FIDEI a reçu des aides privées pour le creusement de puits villageois dans le secteur de Kaboli (aussi appelé Kambolé) dans la région de Sokodé. C’est ainsi que les villages de Rogbi et Fifidjo, ont pu avoir accès à l’eau en 2011, Souroutawi et Alindé en 2012, Assoulas-Bas et Kagazou en 2013, Nfoto et Modougou en 2014. Deux autres puits ont été créés à Samaidé et Djantadé près de Kaboli courant 2015.

Début 2017, les forages d’Assoula et Assola-Lamatessi ont été réalisés en partenariat avec l’OCDI de Sokodé pour la plus grande joie de la population. La profondeur du forage d’Assoula est de 65m et celle d’Assoula-Lamatessi est de 112m. Les 2 forages produisent une bonne quantité d’eau de grande qualité.

Le programme de développement de l’accès à l’eau au Togo s’est poursuivi activement en 2017 avec les puits creusés à Kala et Kala II.


Début 2018, toujours en partenariat avec l’OCDI, quatre forages ont été réalisés au Togo à Téhéza, Solimbia, Kambole 2 et Aledjo, ainsi qu’un puits à Kala.

Poursuite de l’accès à l’eau en 2018

En partenariat avec l’OCDI, six forages ont été réalisés au Togo à Solimbia, Odo Ama, Olousamma, Gominadé, Katango et Nfoto. L’accord permet d’offrir un accès à l’eau potable aux élèves et aux villageois dans chaque cour d’école construite par FIDEI et prévoit la mise à disposition progressive d’installations sanitaires.

Des précautions précises sont prises pour garantir la propreté des lieux et l’entretien des installations. L’OCDI procède à des analyses biologiques. Lorsqu’il s’agit de puits, l’accès est restreint ; les puits sont cadenassés et seules les puisatières désignées par le village sont habilitées à puiser et distribuer l’eau.

En 2019, une jeune sage-femme française, récemment diplômée d’Etat, s’est portée volontaire pour seconder sur une année les équipes de l’hôpital pédiatrique et la maternité soutenus par FIDEI à Kaboli (Kambolé).

En 2020, le programme de développement de l’accès à l’eau s’est élargi dans la région de Kambolé avec l’inauguration des forages de Ouloussetant, Lougba, et Agarou au Togo.

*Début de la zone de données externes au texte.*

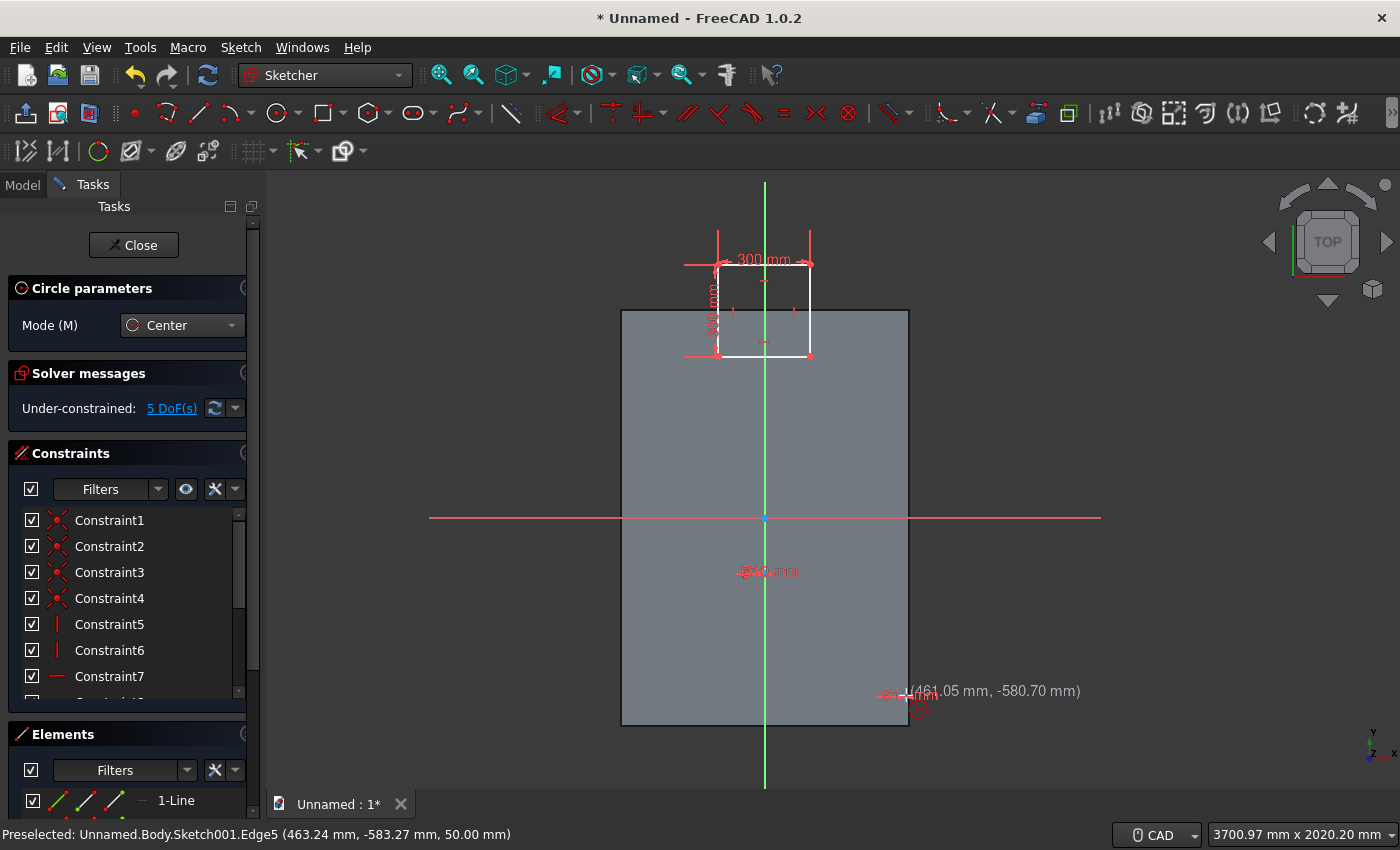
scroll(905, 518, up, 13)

La vie des villageois est transformée. La santé des enfants et des adultes en bénéficie, les maladies hydriques régressent et le forage devient un lieu de rencontres central. Les cases se multiplient tout autour. Des comités de gestion de l’eau sont mis en place afin d’assurer un usage équitable de la ressource et un entretien régulier des installations.

Constructions et rénovations scolaires sur les sites de: Katango, N’foto, Kaboli, Batani, Gominadé, Téhéza et Laouwari

En 2017, deux écoles sont en reconstruction au Togo, les enfants étaient scolarisés sous des abris de paille qui ne résistaient pas aux intempéries ou dans des salles trop basses et exigües, exposées aux vents. La qualité du travail scolaire est remarquable grâce au dévouement des équipes pédagogiques. La population de Katango ayant proposé de fabriquer elle-même les briques, de procurer bois, sable et graviers, FIDEI a offert les matériaux permettant de bâtir 3 salles en « dur » qui seront bientôt achevées.

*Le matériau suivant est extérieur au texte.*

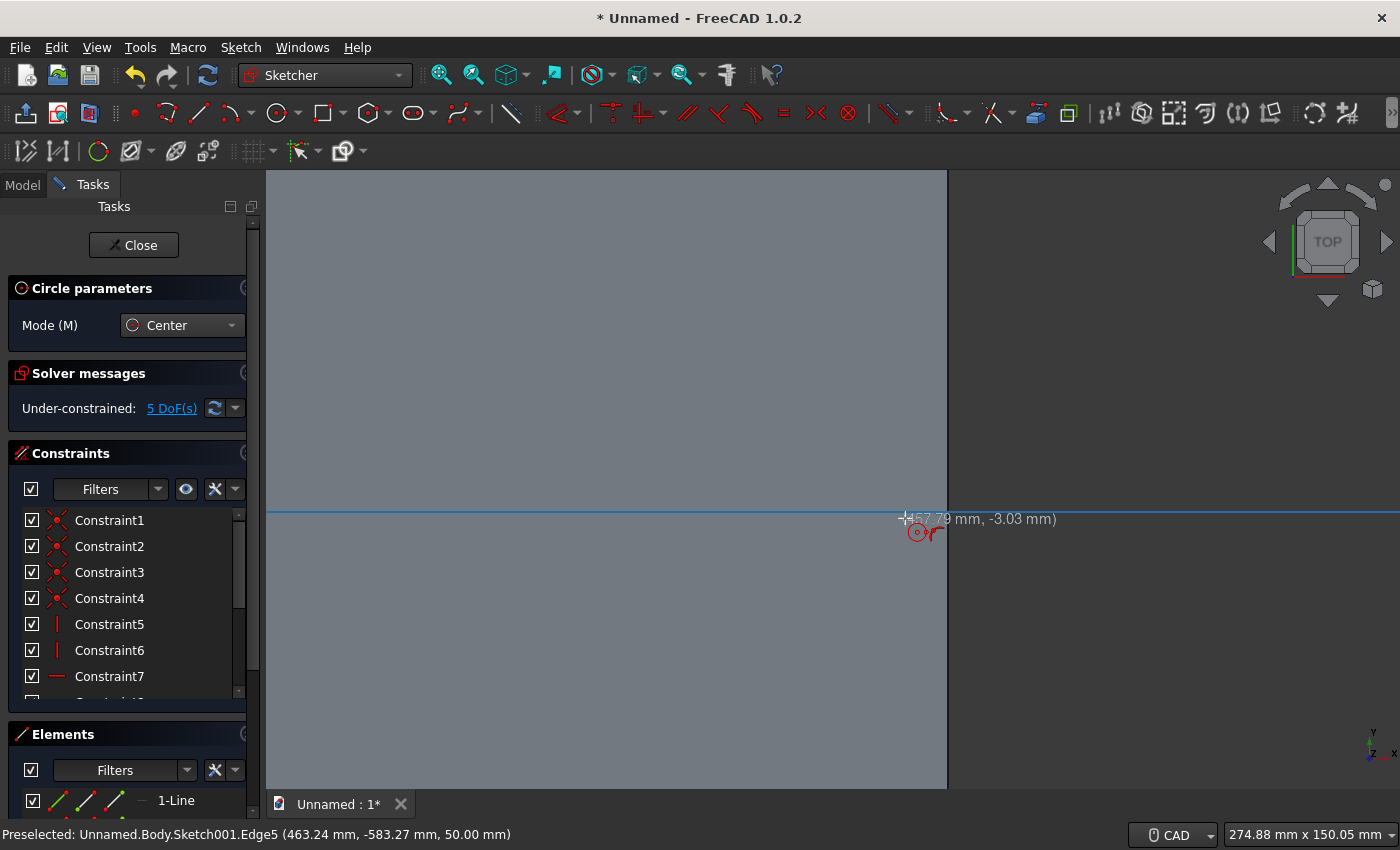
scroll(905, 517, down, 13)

A N’foto, la population s’est aussi mobilisée ; FIDEI construit 3 classes de 63m².

Au Togo, sur les sites où intervient FIDEI, deux écoles primaires ont été entièrement détruites.

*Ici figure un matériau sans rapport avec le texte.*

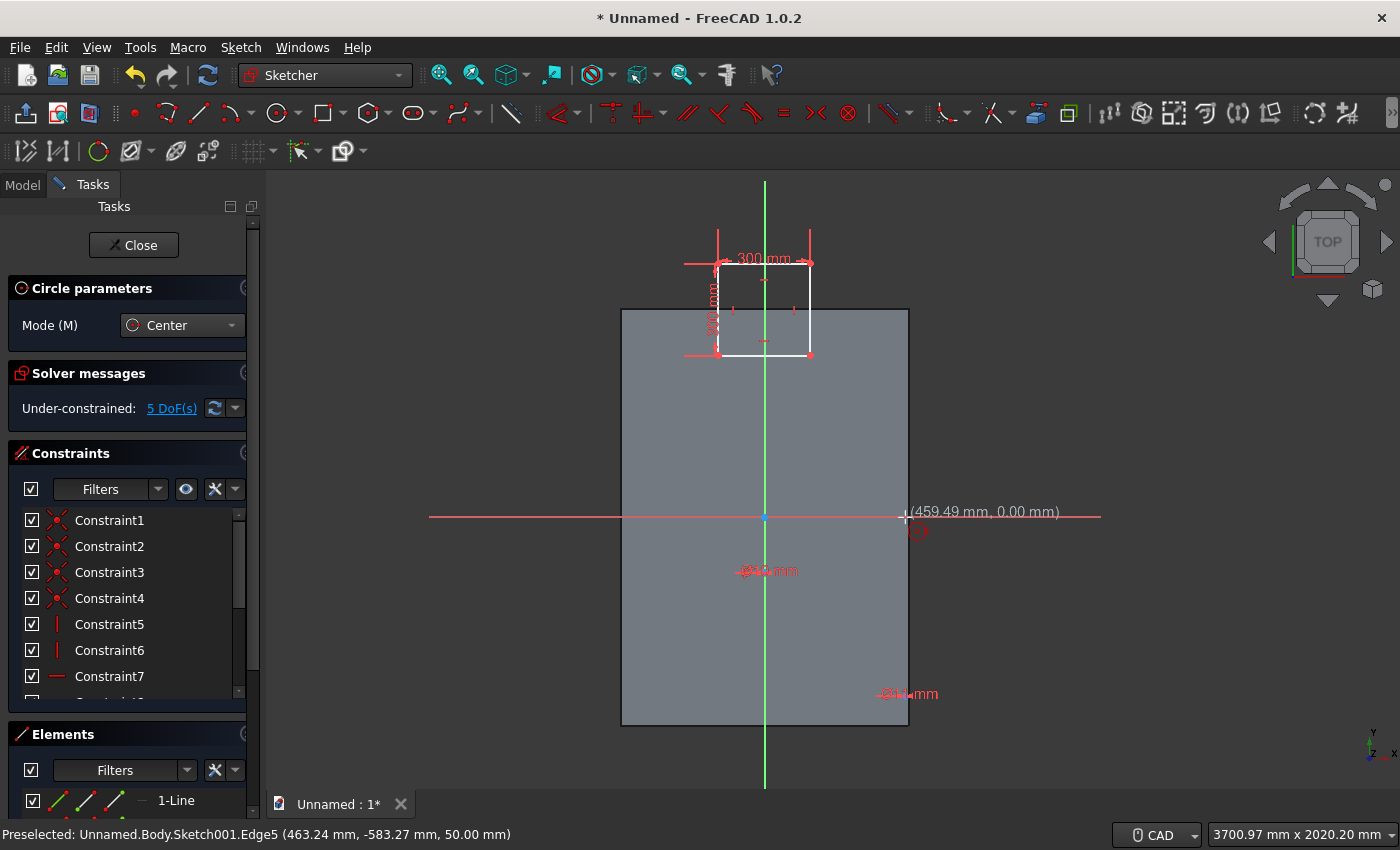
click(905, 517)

A Katango, l’abri sous lequel se donnaient les cours s’est envolé ; à Kaboli, la toiture de l’école en a fait de même et les murs se sont en partie effondrés. La population s’est mobilisée, transportant sable, eau et gravier et participant aux travaux. De jeunes élèves de l’Ecole Internationale Bilingue de Paris se sont engagés à travers une course sponsorisée, pour participer au financement.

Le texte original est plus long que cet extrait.